### INSTRUCTIONS FOR THE TASK
Only the lines below between the one holding "HFOV = 50.5" and the one holding "HFOV = 67.6 degrees.", inclusive, are to be reproduced word for word; the pictures are to be left out.

(Entries taken from a collection)
====

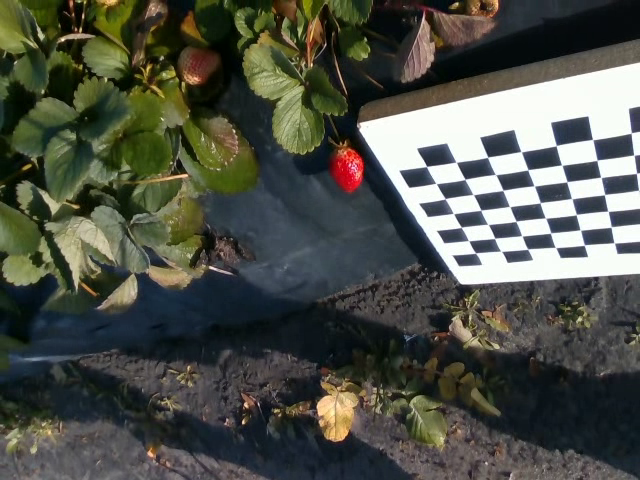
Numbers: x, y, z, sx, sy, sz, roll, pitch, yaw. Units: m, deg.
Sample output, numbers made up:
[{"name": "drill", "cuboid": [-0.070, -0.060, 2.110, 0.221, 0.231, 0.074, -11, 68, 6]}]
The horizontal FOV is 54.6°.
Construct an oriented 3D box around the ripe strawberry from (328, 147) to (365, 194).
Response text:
[{"name": "ripe strawberry", "cuboid": [0.021, -0.052, 0.456, 0.034, 0.038, 0.033, -7, 4, 30]}]
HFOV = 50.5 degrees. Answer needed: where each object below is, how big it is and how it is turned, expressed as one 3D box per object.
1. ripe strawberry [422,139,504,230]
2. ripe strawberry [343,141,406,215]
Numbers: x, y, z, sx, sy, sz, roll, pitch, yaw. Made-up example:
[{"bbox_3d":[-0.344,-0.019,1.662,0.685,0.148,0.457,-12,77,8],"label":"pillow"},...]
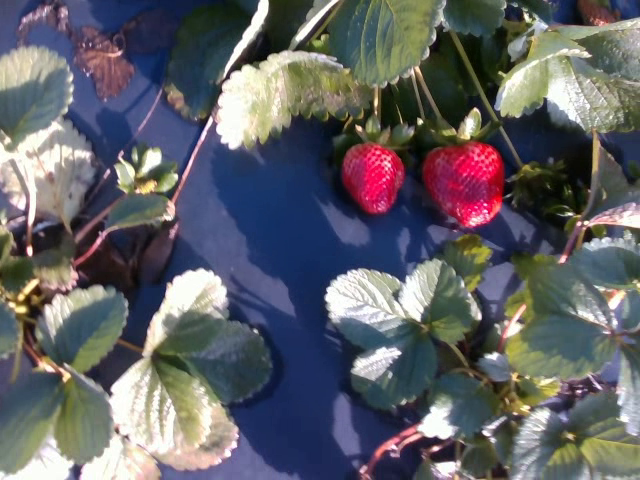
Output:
[{"bbox_3d":[0.085,-0.029,0.376,0.052,0.058,0.046,-16,-29,18],"label":"ripe strawberry"},{"bbox_3d":[0.029,-0.033,0.375,0.043,0.052,0.036,-25,-30,22],"label":"ripe strawberry"}]
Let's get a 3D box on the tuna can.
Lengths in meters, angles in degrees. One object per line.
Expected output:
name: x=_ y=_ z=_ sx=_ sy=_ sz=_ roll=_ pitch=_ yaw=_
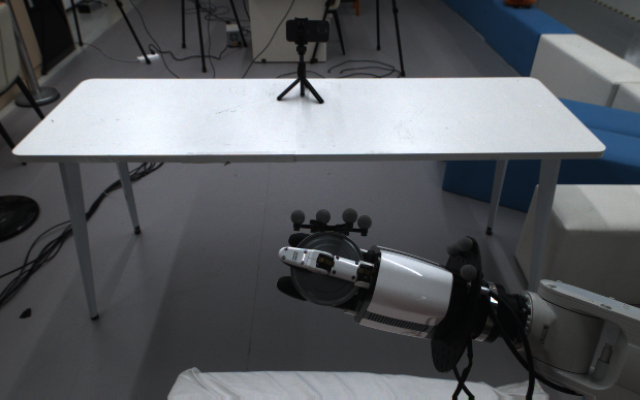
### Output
tuna can: x=0.011 y=0.084 z=0.560 sx=0.085 sy=0.034 sz=0.085 roll=0 pitch=74 yaw=0
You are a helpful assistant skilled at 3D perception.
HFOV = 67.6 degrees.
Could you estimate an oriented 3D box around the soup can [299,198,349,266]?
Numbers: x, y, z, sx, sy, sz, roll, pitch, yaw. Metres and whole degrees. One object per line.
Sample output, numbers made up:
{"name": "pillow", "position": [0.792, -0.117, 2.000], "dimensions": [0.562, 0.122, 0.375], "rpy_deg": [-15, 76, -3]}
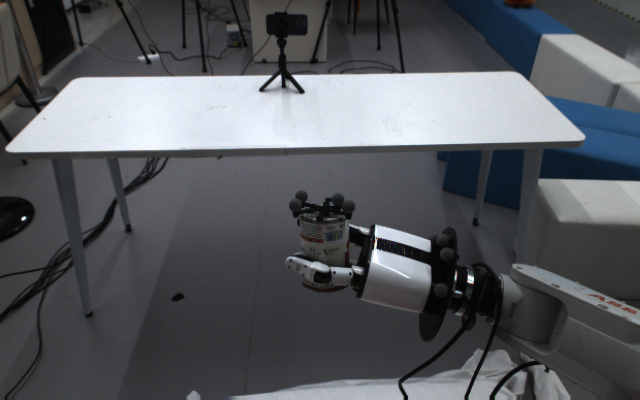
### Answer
{"name": "soup can", "position": [0.008, 0.066, 0.656], "dimensions": [0.067, 0.101, 0.067], "rpy_deg": [-1, 16, 0]}
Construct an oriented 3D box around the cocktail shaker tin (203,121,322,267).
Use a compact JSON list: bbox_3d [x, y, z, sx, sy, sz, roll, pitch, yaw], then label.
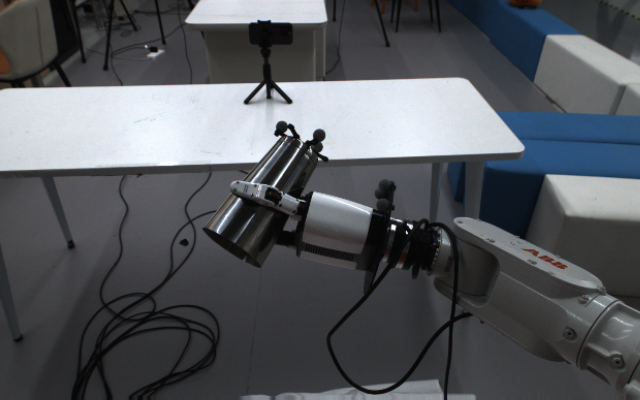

====

### SOLUTION TO THE EXERCISE
HFOV = 50.5 degrees. Answer needed: where each object below is, how big it is and how it is turned, expressed as one 3D box per object.
1. ripe strawberry [422,139,504,230]
2. ripe strawberry [343,141,406,215]
Numbers: x, y, z, sx, sy, sz, roll, pitch, yaw. Made-up example:
[{"bbox_3d":[-0.344,-0.019,1.662,0.685,0.148,0.457,-12,77,8],"label":"pillow"},...]
Output:
[{"bbox_3d":[0.085,-0.029,0.376,0.052,0.058,0.046,-16,-29,18],"label":"ripe strawberry"},{"bbox_3d":[0.029,-0.033,0.375,0.043,0.052,0.036,-25,-30,22],"label":"ripe strawberry"}]
Let's get a 3D box on the tuna can.
Lengths in meters, angles in degrees. One object per line.
Expected output:
name: x=_ y=_ z=_ sx=_ sy=_ sz=_ roll=_ pitch=_ yaw=_
### Output
tuna can: x=0.011 y=0.084 z=0.560 sx=0.085 sy=0.034 sz=0.085 roll=0 pitch=74 yaw=0
You are a helpful assistant skilled at 3D perception.
HFOV = 67.6 degrees.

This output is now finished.